**Task input:**
• • • •
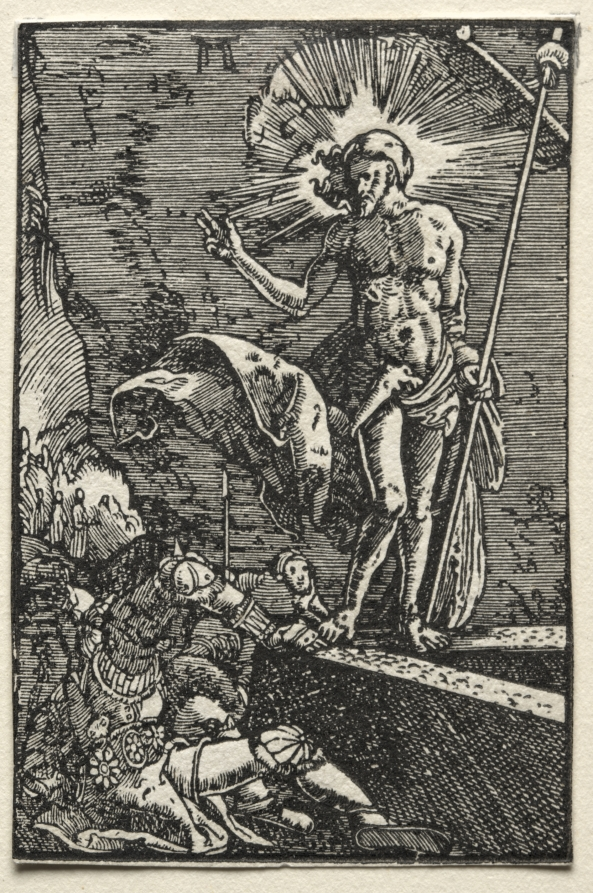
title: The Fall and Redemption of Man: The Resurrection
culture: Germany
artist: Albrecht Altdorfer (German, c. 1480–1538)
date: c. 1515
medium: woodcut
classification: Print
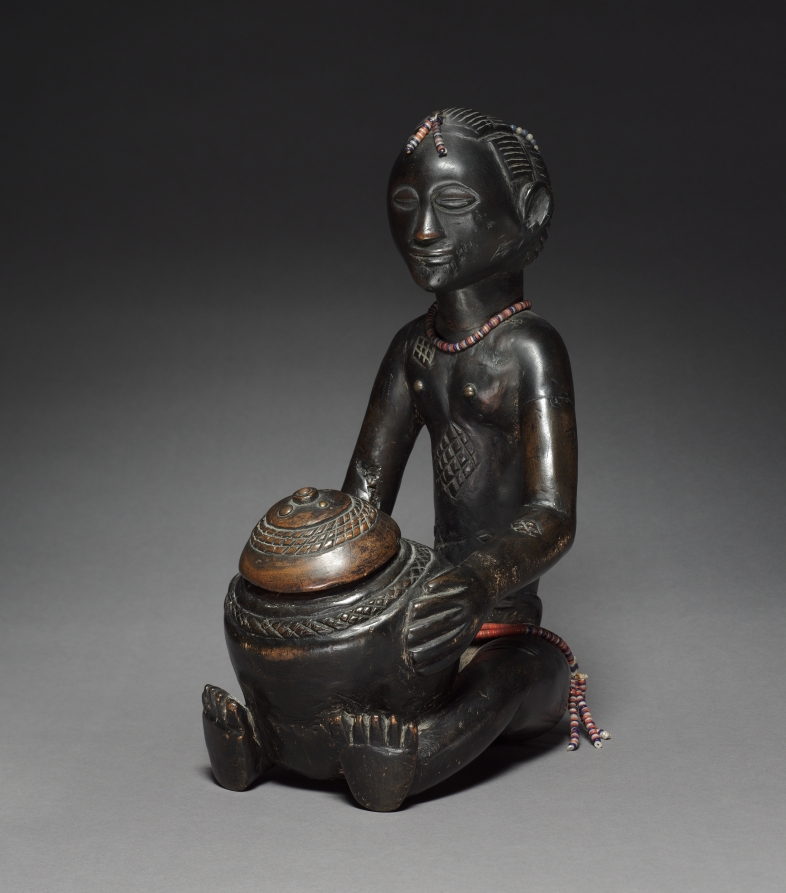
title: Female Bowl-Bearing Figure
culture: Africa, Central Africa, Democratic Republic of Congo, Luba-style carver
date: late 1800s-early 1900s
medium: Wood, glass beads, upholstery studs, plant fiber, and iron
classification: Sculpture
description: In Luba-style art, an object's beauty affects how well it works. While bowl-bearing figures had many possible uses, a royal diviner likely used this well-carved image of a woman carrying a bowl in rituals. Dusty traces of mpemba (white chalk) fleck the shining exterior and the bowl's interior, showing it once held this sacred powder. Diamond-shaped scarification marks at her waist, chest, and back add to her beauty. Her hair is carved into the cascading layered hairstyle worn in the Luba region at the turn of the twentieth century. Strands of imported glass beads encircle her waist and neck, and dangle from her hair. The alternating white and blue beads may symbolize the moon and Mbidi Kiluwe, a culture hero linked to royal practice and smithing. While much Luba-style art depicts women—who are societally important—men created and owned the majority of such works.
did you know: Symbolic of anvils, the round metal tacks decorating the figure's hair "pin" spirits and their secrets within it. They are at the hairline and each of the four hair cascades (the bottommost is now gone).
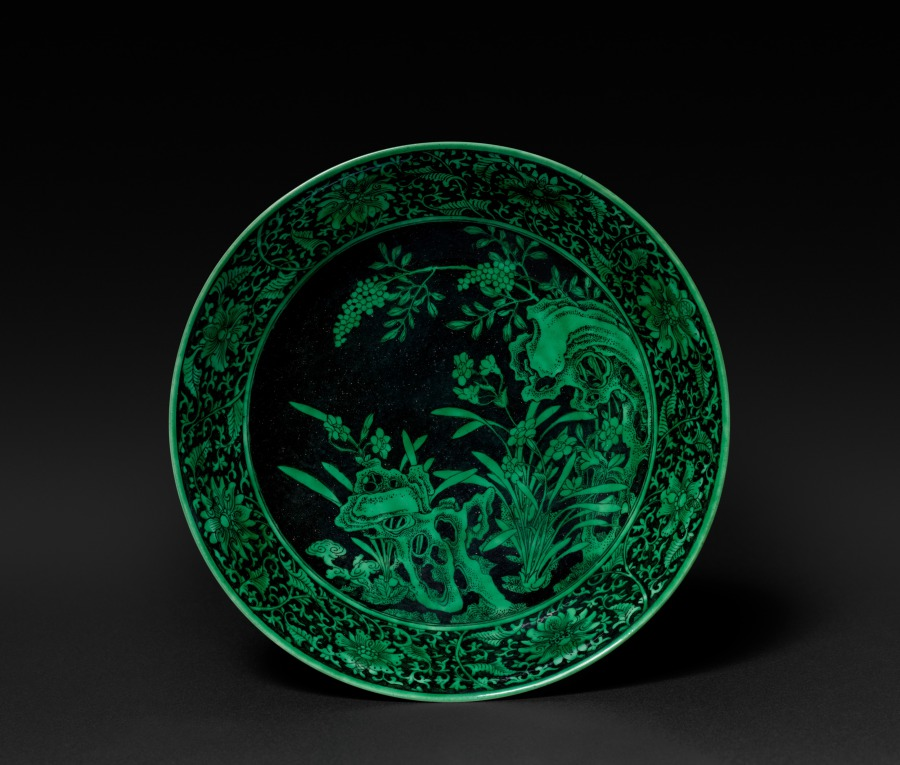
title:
• • • •
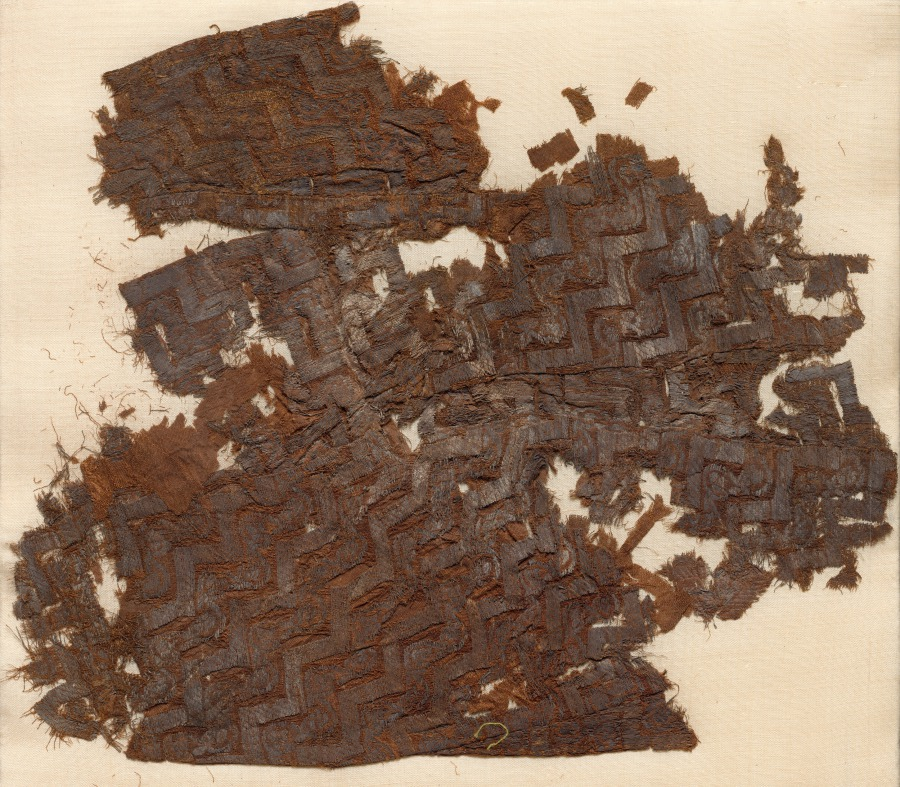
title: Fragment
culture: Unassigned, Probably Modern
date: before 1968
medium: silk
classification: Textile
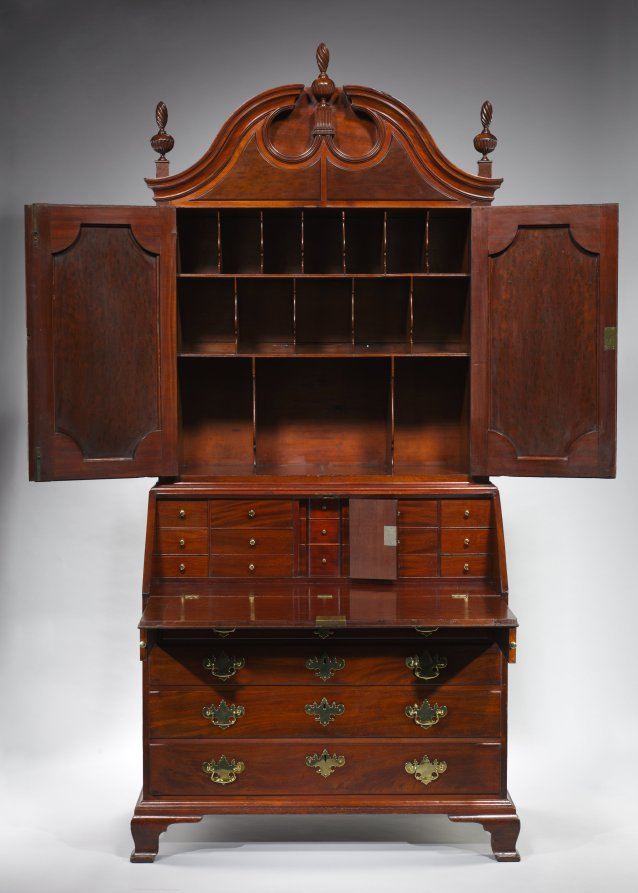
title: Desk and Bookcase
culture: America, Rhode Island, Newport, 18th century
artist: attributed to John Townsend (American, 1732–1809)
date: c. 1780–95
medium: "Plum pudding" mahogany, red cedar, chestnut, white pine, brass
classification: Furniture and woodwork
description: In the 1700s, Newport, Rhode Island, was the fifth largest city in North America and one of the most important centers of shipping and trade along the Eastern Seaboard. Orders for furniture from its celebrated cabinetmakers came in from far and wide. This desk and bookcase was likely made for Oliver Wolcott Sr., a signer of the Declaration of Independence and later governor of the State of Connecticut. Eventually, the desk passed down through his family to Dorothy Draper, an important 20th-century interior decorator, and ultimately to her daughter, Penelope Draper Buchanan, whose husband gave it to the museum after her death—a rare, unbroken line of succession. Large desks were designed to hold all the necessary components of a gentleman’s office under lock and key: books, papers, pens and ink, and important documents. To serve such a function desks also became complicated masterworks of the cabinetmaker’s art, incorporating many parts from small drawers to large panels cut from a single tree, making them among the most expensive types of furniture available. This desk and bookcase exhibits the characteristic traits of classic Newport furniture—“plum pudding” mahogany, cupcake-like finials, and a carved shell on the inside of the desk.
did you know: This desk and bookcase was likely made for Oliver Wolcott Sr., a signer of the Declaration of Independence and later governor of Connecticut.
• • • •
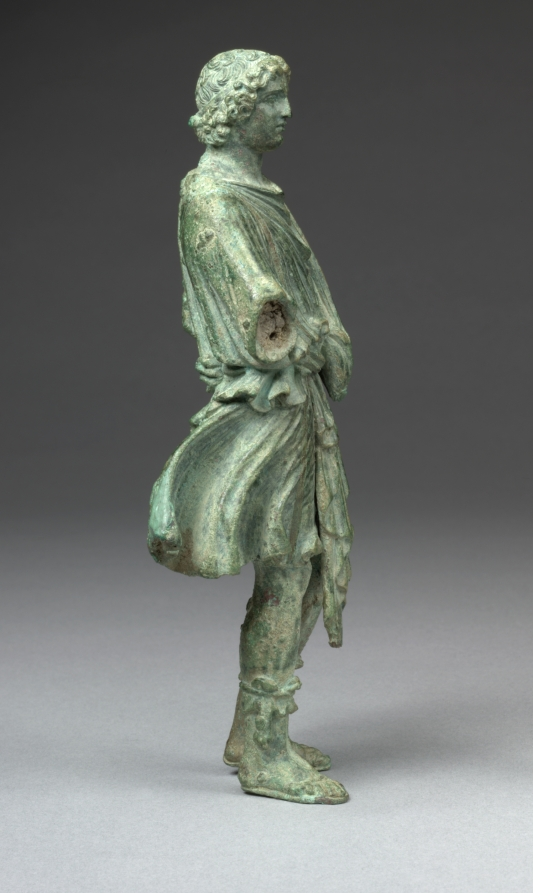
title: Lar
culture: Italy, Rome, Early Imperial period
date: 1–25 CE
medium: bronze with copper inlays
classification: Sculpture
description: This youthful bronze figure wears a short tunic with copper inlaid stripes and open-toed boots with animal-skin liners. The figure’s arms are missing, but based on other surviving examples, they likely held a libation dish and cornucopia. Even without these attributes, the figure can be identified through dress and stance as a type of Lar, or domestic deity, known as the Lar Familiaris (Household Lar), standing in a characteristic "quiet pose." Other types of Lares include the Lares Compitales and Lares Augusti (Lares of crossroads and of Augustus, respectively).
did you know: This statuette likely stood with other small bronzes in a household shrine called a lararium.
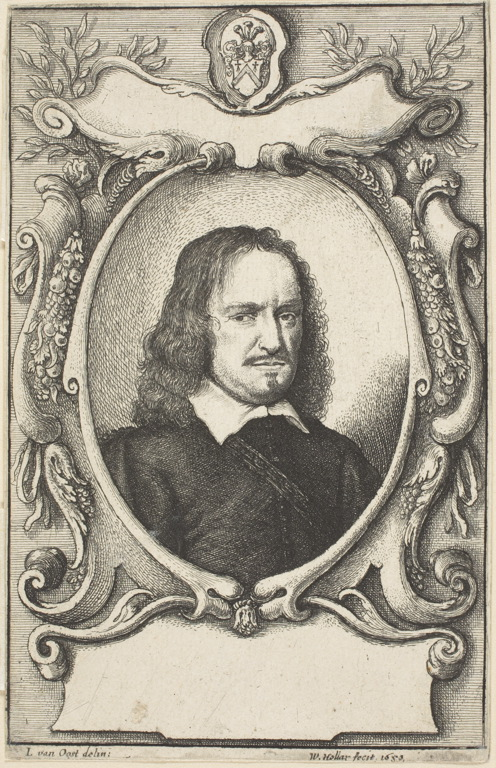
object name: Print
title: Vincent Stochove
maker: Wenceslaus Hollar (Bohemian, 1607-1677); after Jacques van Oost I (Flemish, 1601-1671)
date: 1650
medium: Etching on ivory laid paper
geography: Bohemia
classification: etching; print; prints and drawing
• • • •
**Task:**
Retype, exactly and with no pictures, everything above from the line with "title: The Fall" down to the line with "description: In Luba-style", both included.

**Exercise answer:**
title: The Fall and Redemption of Man: The Resurrection
culture: Germany
artist: Albrecht Altdorfer (German, c. 1480–1538)
date: c. 1515
medium: woodcut
classification: Print
title: Female Bowl-Bearing Figure
culture: Africa, Central Africa, Democratic Republic of Congo, Luba-style carver
date: late 1800s-early 1900s
medium: Wood, glass beads, upholstery studs, plant fiber, and iron
classification: Sculpture
description: In Luba-style art, an object's beauty affects how well it works. While bowl-bearing figures had many possible uses, a royal diviner likely used this well-carved image of a woman carrying a bowl in rituals. Dusty traces of mpemba (white chalk) fleck the shining exterior and the bowl's interior, showing it once held this sacred powder. Diamond-shaped scarification marks at her waist, chest, and back add to her beauty. Her hair is carved into the cascading layered hairstyle worn in the Luba region at the turn of the twentieth century. Strands of imported glass beads encircle her waist and neck, and dangle from her hair. The alternating white and blue beads may symbolize the moon and Mbidi Kiluwe, a culture hero linked to royal practice and smithing. While much Luba-style art depicts women—who are societally important—men created and owned the majority of such works.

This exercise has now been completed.